FOLDER_HOME: Path = Path('/home/sagemaker-user')
FOLDER_CONTROL_MARKDOWN: Path = FOLDER_HOME / 'data/controls/markdown/by-family/'
FOLDER_POLICY_MARKDOWN: Path = FOLDER_HOME / 'data/policies/markdown/'

REGION = os.getenv("AWS_REGION", "us-east-1")
s3 = boto3.client("s3", region_name=REGION)
bedrock_runtime = boto3.client('bedrock-runtime', region_name=REGION)

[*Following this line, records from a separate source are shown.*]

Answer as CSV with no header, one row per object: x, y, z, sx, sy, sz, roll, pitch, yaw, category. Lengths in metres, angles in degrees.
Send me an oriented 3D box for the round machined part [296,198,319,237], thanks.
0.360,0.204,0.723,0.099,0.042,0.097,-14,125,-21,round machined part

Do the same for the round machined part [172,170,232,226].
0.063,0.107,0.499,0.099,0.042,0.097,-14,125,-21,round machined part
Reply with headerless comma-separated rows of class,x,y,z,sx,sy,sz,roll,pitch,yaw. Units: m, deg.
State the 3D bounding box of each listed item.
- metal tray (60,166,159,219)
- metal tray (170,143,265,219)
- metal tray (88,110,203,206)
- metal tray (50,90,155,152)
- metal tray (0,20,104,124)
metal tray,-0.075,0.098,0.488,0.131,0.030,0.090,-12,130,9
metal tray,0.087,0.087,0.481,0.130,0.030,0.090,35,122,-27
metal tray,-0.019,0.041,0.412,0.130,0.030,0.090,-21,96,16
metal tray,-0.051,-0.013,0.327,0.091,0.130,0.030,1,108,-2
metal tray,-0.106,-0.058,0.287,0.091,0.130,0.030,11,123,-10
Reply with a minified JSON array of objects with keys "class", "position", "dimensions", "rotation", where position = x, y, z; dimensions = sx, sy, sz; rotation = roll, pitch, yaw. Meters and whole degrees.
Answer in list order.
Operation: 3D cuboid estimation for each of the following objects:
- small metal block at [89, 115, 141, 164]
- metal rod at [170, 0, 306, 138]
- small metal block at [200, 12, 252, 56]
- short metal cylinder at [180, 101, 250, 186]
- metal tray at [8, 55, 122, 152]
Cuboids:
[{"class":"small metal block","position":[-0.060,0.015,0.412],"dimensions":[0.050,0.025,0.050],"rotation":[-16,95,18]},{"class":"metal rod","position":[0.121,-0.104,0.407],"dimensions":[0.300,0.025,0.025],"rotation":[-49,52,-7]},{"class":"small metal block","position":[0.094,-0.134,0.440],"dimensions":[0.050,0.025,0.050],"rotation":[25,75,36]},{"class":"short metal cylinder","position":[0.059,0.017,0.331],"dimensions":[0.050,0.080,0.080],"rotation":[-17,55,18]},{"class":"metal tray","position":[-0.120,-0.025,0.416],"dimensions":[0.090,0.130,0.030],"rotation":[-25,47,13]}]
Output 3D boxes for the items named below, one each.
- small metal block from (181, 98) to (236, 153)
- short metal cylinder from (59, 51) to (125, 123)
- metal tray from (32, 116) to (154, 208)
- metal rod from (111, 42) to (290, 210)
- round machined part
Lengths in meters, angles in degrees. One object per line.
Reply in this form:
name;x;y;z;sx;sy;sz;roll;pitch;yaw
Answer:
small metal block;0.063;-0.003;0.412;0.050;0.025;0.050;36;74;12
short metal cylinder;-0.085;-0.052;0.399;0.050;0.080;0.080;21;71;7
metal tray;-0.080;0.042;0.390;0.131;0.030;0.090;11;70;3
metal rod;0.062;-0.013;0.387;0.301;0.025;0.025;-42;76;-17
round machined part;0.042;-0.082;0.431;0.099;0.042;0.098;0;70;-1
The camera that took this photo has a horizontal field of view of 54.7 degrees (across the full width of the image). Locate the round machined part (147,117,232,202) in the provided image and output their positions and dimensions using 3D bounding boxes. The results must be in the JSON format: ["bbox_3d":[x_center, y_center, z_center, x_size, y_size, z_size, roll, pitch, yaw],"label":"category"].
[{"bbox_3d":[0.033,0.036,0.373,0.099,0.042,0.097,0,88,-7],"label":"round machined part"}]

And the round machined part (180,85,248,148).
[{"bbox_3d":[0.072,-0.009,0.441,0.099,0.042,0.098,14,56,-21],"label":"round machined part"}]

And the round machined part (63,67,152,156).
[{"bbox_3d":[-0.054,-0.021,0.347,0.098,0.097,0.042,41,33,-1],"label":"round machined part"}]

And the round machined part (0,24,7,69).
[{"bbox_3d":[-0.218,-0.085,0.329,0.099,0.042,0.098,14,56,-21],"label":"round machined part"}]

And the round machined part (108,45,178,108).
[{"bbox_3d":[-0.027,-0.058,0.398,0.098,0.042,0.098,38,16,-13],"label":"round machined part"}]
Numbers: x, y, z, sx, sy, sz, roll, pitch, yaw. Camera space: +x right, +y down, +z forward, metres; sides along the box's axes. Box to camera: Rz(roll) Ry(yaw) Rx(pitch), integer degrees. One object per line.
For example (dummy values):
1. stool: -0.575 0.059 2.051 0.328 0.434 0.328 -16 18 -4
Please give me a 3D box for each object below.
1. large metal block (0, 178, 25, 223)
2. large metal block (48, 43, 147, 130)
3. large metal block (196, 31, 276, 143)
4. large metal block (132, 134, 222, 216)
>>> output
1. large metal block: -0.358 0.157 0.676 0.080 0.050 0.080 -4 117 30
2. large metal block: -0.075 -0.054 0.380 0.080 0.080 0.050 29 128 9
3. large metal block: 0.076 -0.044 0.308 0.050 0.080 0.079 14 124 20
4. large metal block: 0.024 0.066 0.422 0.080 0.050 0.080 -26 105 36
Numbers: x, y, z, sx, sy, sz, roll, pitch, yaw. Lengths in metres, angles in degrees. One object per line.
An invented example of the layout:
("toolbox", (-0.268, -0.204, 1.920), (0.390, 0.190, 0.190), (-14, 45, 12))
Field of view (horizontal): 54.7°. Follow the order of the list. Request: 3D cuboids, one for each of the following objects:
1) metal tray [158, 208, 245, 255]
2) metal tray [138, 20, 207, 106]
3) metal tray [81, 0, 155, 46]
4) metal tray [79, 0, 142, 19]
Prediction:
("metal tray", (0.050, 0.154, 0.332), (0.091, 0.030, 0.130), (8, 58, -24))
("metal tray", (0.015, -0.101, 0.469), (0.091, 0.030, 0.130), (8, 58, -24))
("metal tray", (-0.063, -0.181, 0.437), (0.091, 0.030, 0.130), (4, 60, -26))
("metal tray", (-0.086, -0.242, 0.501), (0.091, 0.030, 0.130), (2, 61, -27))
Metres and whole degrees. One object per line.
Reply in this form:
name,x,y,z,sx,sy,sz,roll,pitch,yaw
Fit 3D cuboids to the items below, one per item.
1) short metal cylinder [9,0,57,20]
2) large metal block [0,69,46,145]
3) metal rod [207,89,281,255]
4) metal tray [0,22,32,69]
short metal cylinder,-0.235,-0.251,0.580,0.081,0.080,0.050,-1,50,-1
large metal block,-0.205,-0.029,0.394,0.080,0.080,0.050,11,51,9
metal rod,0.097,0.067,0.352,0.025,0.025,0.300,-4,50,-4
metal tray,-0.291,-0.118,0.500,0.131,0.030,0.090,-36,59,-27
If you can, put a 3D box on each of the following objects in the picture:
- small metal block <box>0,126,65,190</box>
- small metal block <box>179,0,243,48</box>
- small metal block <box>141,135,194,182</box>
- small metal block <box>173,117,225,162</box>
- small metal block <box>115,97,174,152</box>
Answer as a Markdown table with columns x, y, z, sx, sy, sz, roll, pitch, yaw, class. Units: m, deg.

# Bedrock Model Configuration
MODELS = {
    'premium': 'us.anthropic.claude-opus-4-5-20251101-v1:0', # not available
    'good': 'us.anthropic.claude-sonnet-4-5-20250929-v1:0', # times out
    'balanced': 'us.anthropic.claude-sonnet-4-20250514-v1:0',
    'fast_cheap': 'us.anthropic.claude-haiku-4-5-20251001-v1:0',
    'aws_native': 'amazon.nova-premier-v1:0'
}
MODEL_ID = MODELS['balanced']
MAX_TOKENS = 4096
TEMPERATURE = 0.7
PROMPT_TEMPLATE = """
<system>
You are a cybersecurity compliance expert who creates concise, machine-parseable policy documents optimized for RAG systems. Your policies focus on clear rules, explicit validation logic, and scenario patterns that enable LLMs to accurately evaluate compliance scenarios.
</system>

<task>
Generate a concise, RAG-optimized policy document based on the **provided NIST SP 800-53 control**. Focus ONLY on the essential components needed for automated scenario evaluation. The policy will be part of a knowledgebase used by LLMs to determine whether complex scenarios involving multiple policies are compliant or non-compliant.
</task>

<context>
Organization: Large technology company (10,000+ employees) with hybrid cloud infrastructure and regulatory requirements (SOX, FedRAMP, FISMA, PCI-DSS)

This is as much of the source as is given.